A debt consolidation loan is used to pay off several debts at once. By replacing multiple debts with a single loan, you combine your debts in one place. This makes managing your debts easier since you now only have one single monthly payment.

Why was my application for a debt consolidation loan rejected?

Common reasons for a loan rejection include bad credit or inability to meet the minimum income requirements. To improve your chances of approval, you can fix your credit score, ask for a lower amount, or apply with a different lender. You can also opt for a secured or co-signed loan to reduce the lender’s risk. 

What’s the difference between debt consolidation and refinancing?

Both are debt management strategies. But refinancing involves taking out a single loan to replace or pay off only one loan instead of multiple debts.

Is taking out a debt consolidation loan a good idea?

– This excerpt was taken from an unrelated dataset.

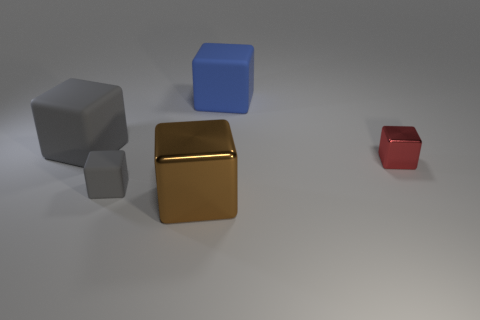Subtract all large brown shiny cubes. How many cubes are left? 4 Subtract all blue blocks. How many blocks are left? 4 Add 4 big yellow cylinders. How many objects exist? 9 Subtract all cyan blocks. Subtract all blue spheres. How many blocks are left? 5 Add 3 small gray rubber cubes. How many small gray rubber cubes are left? 4 Add 4 blue blocks. How many blue blocks exist? 5 Subtract 0 brown spheres. How many objects are left? 5 Subtract all tiny red metal things. Subtract all big gray blocks. How many objects are left? 3

This depends on your financial situation. If you can get a low interest rate, it’s possible to pay off your debt faster and save more money. Plus, your life will become simpler since you will only need to make one monthly payment. However, a debt consolidation loan might be a bad idea if it leads you further into debt.

Will a debt consolidation loan impact my credit score?

Your credit score will be affected initially. That’s because the lender has to do a hard credit check when assessing your loan application. However, your credit score will recover quickly once you start making payments on time. 

But, given that applying for a loan impacts your credit score, it’s important to avoid multiple loan applications in a short timeframe. When pre-qualifying, make sure the lender only does a soft credit check that won’t impact your credit score.

Can I take out a student debt consolidation loan?

If you have government student loans, it’s generally not a good idea to consolidate them with a loan from a private lender. That’s because loans from private lenders have higher interest rates. 

Plus, you may lose tax benefits and access to student debt relief. However, if you already have several private student loans, debt consolidation can help.

Can I use a line of credit for debt consolidation?

Lines of credit are revolving lines of credit that allow you to keep borrowing without applying each time. While this can be an attractive arrangement, lines of credit typically have high interest rates. Additionally, it will take longer to settle the debt if you reuse credit while making minimum payments only.